* Data items:
§
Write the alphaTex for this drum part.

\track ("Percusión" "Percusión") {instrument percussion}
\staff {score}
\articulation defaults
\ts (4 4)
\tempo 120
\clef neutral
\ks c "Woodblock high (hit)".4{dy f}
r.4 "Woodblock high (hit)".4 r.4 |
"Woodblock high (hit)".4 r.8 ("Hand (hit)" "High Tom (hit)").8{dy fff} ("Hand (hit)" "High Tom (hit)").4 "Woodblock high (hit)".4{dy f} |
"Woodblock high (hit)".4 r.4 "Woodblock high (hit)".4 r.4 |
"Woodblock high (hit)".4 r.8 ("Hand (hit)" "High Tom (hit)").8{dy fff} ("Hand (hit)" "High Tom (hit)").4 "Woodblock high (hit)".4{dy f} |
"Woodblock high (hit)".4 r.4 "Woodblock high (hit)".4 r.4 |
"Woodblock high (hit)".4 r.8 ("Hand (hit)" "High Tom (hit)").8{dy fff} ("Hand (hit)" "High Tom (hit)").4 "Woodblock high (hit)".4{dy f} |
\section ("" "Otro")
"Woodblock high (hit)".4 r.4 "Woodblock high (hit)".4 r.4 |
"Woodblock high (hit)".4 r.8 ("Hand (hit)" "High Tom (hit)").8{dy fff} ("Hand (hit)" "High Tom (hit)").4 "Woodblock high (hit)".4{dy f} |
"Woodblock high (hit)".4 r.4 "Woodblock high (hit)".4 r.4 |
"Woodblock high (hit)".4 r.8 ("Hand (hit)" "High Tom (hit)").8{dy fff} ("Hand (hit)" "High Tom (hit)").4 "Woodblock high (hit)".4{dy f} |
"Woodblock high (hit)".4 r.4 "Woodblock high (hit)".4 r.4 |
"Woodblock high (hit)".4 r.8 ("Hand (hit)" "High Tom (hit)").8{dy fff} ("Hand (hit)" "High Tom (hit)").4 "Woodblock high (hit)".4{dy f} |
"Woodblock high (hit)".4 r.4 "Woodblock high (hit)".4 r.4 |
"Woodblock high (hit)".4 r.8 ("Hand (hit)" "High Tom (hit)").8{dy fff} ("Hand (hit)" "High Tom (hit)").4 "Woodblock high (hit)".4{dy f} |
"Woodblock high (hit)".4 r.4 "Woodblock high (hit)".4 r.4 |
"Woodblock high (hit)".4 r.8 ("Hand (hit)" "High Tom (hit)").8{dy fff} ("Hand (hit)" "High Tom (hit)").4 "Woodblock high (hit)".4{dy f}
§
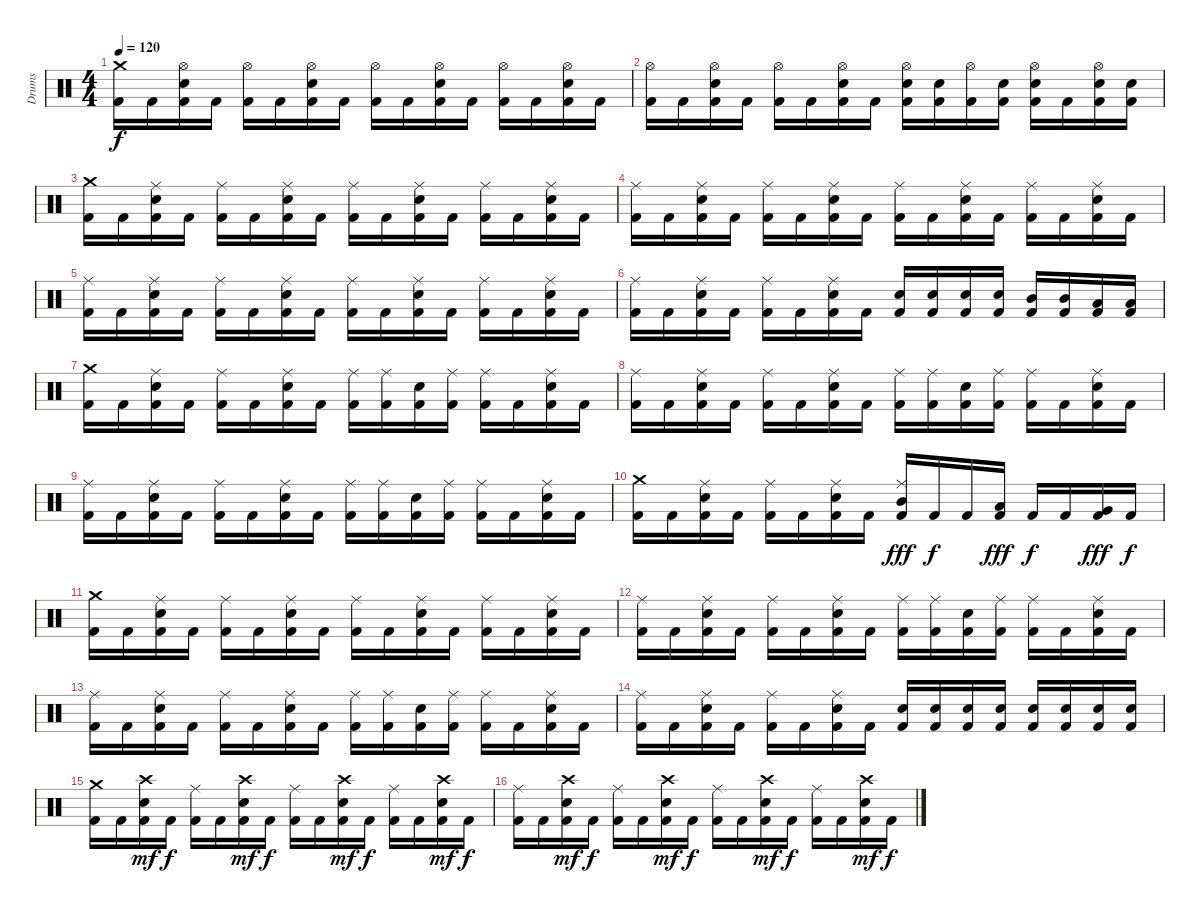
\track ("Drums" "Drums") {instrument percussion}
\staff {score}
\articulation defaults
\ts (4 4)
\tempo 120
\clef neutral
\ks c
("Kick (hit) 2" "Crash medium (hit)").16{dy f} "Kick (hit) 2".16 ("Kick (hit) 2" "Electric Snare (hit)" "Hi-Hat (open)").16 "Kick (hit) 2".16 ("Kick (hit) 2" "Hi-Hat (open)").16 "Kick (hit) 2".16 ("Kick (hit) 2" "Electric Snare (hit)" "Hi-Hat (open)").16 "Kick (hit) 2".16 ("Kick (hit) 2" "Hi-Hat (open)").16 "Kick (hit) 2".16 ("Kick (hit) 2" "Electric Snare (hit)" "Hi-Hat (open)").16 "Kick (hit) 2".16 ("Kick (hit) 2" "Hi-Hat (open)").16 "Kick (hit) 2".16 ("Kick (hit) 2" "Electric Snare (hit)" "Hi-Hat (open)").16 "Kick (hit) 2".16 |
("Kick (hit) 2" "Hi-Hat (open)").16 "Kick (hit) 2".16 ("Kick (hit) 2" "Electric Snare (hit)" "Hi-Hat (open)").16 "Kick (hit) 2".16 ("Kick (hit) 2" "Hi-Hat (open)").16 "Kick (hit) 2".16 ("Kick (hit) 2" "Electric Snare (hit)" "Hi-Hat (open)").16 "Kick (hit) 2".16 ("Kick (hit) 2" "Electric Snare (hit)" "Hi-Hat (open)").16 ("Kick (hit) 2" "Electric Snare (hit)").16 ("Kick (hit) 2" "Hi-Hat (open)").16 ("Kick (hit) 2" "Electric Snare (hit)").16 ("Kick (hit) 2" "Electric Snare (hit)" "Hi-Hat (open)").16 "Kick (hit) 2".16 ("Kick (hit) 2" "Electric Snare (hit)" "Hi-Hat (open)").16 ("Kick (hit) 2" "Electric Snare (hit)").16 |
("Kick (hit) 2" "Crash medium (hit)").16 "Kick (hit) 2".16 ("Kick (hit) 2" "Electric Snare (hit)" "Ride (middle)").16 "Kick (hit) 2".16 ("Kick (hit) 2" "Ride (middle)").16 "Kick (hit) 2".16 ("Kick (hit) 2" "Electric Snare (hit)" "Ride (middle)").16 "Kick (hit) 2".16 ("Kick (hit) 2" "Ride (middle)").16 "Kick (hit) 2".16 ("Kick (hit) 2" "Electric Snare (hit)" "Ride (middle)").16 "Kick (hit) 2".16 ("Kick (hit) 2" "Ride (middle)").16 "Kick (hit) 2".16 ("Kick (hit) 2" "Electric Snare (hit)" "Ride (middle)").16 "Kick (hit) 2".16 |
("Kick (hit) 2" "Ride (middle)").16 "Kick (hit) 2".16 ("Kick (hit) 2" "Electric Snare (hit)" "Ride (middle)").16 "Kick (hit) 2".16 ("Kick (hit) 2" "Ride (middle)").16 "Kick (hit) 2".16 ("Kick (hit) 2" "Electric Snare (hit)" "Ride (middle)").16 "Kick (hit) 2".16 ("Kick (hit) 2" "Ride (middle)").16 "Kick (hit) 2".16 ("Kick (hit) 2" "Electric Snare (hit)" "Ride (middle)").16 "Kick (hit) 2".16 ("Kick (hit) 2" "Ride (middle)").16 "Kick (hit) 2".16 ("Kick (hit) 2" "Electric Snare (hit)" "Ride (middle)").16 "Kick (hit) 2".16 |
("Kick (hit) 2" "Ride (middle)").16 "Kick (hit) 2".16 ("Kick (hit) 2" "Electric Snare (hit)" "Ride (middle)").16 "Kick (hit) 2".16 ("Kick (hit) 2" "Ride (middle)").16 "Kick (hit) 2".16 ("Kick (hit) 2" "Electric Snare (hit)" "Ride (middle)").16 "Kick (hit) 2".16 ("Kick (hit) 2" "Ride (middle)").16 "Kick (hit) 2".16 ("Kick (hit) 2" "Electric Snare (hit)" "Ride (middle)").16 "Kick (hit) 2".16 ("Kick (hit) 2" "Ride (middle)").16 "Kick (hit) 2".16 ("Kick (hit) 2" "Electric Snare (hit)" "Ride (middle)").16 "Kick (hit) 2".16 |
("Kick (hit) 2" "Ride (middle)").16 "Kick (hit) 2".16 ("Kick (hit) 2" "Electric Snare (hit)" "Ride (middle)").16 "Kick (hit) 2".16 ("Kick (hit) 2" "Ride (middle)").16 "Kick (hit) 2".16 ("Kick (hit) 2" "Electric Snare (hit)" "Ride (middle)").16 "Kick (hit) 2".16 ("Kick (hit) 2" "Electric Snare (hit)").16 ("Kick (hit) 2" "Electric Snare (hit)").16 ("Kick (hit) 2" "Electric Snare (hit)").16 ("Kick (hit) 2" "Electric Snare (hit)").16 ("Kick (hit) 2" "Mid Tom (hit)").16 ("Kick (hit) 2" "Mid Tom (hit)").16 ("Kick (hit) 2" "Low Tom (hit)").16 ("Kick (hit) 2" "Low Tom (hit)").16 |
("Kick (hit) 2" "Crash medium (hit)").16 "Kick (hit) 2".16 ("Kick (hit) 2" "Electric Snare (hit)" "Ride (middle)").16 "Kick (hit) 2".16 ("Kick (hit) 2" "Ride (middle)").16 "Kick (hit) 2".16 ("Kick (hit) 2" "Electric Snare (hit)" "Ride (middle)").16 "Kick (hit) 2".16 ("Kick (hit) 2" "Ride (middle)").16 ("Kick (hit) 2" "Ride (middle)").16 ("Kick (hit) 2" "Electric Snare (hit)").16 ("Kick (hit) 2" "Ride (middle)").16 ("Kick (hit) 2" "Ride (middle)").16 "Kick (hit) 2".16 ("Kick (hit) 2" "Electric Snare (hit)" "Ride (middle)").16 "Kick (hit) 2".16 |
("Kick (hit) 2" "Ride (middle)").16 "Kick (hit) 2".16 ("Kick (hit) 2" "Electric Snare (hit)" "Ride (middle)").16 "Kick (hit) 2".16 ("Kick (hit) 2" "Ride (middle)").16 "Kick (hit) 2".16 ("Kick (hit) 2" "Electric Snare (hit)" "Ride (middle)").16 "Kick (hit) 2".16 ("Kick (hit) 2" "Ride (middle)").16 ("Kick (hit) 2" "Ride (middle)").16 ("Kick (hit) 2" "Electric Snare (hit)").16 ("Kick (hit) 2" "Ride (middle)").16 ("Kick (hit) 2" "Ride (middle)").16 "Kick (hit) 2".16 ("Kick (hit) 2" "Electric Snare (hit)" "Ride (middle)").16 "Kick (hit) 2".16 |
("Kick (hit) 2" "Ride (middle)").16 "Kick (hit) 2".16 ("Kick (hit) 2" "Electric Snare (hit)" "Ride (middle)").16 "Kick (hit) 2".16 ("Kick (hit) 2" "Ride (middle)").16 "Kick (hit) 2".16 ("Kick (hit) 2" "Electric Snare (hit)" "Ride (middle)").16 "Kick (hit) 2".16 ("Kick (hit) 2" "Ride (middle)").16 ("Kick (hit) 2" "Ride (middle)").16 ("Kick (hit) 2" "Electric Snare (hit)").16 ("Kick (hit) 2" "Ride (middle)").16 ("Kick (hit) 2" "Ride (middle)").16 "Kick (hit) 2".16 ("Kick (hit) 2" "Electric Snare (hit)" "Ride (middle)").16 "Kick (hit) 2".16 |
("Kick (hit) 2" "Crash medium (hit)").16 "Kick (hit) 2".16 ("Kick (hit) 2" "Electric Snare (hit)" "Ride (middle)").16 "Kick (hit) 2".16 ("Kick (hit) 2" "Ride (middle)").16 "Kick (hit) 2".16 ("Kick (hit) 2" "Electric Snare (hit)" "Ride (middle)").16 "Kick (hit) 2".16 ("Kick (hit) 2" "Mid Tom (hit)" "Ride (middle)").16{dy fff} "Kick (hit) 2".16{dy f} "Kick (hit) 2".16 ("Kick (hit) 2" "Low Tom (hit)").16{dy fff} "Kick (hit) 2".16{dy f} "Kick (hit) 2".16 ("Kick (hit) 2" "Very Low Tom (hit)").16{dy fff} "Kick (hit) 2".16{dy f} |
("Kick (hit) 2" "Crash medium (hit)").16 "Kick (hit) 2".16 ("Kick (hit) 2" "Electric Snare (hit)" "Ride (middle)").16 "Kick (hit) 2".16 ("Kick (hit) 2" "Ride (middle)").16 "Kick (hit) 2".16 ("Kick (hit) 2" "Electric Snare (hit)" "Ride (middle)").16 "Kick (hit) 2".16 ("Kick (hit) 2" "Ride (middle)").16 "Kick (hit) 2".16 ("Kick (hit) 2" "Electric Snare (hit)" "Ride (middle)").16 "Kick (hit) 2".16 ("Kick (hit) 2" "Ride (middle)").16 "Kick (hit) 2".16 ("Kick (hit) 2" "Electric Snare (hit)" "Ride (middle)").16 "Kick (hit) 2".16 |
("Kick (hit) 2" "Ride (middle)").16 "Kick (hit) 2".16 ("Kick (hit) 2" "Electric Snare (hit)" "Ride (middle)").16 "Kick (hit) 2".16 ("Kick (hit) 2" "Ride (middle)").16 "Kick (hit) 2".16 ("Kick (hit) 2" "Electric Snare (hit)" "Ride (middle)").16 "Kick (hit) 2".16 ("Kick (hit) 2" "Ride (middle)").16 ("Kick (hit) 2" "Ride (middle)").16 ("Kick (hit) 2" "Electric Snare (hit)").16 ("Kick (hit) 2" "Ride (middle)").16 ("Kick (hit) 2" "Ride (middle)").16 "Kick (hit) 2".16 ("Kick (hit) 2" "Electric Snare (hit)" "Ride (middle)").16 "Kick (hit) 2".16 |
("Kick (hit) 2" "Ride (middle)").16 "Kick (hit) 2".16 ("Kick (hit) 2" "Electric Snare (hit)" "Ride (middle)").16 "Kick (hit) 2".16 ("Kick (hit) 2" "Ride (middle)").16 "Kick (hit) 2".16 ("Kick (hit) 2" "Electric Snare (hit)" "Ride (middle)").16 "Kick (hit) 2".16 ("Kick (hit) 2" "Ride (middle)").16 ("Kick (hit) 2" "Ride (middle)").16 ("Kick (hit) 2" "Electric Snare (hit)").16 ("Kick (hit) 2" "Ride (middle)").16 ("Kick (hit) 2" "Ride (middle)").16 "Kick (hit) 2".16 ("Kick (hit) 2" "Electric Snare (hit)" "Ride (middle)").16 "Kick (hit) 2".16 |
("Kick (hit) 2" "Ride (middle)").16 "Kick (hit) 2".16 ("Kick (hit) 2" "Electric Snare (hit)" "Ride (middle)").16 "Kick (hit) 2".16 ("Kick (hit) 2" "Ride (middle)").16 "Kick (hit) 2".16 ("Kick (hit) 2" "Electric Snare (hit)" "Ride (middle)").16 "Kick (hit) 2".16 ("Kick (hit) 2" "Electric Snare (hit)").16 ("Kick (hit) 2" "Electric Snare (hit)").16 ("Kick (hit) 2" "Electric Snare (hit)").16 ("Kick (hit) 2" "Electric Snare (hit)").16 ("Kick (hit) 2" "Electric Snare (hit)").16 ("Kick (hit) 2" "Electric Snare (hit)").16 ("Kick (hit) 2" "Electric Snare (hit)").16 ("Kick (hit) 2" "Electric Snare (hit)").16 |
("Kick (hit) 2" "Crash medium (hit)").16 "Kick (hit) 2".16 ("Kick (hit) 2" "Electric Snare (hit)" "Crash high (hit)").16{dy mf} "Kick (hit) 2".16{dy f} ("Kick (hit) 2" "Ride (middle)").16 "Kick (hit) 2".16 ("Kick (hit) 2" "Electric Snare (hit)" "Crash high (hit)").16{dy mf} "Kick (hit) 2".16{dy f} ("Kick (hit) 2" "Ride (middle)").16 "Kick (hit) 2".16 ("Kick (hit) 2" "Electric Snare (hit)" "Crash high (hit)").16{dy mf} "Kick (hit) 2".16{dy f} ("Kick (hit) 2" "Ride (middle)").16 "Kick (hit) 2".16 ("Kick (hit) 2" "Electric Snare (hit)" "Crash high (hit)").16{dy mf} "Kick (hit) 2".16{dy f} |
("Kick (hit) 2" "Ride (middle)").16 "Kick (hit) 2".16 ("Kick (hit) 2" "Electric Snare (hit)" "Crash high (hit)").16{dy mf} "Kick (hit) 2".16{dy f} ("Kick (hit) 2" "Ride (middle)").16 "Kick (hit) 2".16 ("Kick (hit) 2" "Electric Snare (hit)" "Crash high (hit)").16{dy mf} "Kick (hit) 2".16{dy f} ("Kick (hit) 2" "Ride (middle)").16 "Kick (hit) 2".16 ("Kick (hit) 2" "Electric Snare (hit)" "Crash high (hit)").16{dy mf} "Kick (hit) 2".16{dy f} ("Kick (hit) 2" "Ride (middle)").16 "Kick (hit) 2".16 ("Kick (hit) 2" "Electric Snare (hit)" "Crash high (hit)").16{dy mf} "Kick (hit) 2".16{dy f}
§
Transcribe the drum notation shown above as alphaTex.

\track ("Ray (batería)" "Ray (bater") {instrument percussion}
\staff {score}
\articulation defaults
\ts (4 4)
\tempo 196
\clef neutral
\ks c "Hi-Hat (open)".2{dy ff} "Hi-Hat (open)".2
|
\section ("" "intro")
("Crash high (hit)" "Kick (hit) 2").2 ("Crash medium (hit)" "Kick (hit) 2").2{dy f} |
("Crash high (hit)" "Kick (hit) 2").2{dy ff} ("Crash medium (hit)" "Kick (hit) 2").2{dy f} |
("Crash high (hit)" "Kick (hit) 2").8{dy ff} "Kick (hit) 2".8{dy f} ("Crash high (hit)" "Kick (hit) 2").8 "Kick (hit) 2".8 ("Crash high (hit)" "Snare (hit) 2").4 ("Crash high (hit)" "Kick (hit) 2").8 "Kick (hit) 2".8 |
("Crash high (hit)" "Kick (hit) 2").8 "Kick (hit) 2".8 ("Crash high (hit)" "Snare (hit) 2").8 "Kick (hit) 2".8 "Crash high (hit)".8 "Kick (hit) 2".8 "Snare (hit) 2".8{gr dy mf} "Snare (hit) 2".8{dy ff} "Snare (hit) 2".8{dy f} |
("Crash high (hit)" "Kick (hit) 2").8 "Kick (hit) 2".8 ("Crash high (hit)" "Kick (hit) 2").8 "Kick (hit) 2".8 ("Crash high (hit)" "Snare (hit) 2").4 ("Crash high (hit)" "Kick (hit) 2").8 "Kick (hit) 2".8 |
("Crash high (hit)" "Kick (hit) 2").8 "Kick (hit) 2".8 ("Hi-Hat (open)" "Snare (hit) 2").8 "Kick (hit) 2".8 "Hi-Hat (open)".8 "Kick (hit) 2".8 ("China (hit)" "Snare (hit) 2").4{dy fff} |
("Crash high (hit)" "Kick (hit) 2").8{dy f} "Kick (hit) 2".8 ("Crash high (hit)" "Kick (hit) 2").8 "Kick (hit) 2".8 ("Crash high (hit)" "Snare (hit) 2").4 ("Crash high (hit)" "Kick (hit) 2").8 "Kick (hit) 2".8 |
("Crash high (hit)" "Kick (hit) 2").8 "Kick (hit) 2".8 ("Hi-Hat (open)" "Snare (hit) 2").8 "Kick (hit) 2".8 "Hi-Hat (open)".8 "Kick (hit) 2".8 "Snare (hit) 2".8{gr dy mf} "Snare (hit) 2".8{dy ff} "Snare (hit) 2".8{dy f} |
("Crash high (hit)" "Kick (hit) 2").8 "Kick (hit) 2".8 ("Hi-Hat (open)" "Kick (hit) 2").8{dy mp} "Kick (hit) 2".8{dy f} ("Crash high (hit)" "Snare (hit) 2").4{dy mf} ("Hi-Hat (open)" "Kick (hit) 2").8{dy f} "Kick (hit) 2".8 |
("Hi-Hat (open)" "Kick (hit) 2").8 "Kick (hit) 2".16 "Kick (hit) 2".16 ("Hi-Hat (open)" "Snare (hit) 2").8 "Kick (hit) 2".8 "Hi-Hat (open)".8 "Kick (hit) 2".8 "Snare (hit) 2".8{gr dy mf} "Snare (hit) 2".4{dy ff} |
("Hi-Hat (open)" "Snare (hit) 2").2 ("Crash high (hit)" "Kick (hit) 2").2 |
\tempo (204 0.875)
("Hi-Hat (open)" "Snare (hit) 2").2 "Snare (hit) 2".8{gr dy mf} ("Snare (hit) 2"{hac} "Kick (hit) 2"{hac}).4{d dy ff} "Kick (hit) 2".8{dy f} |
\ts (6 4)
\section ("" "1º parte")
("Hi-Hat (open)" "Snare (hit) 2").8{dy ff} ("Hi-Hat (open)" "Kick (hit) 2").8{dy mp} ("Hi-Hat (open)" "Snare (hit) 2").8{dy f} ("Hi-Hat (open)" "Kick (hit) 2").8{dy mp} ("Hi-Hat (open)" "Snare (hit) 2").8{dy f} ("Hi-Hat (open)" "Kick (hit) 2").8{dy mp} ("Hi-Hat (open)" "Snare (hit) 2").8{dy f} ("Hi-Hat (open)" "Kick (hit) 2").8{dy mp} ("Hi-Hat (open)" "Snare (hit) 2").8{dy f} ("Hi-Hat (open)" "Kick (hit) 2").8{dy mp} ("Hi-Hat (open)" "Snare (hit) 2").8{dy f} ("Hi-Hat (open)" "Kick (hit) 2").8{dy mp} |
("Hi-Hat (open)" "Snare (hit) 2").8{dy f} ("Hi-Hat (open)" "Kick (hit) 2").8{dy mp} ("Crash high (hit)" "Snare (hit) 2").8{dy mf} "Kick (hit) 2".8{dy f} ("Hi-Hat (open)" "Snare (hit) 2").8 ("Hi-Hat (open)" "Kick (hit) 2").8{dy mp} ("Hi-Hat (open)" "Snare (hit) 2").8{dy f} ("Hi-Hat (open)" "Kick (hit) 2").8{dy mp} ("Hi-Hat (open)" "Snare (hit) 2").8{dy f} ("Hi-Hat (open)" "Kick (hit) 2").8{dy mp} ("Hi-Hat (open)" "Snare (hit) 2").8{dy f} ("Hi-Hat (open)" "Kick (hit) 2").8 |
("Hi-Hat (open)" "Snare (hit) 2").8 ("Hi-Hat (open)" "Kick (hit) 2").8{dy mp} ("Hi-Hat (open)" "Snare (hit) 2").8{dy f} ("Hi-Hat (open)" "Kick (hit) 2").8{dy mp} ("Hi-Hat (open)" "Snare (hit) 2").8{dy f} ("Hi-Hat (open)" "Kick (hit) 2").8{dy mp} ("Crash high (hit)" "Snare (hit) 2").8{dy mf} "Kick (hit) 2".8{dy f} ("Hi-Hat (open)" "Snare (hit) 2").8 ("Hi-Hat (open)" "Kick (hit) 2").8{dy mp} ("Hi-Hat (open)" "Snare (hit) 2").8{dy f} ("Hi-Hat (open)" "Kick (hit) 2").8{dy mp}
§
* Exercise details:
Return, from the data above, each line in which the string "track" appears.

* Written answer:
\track ("Percusión" "Percusión") {instrument percussion}
\track ("Drums" "Drums") {instrument percussion}
\track ("Ray (batería)" "Ray (bater") {instrument percussion}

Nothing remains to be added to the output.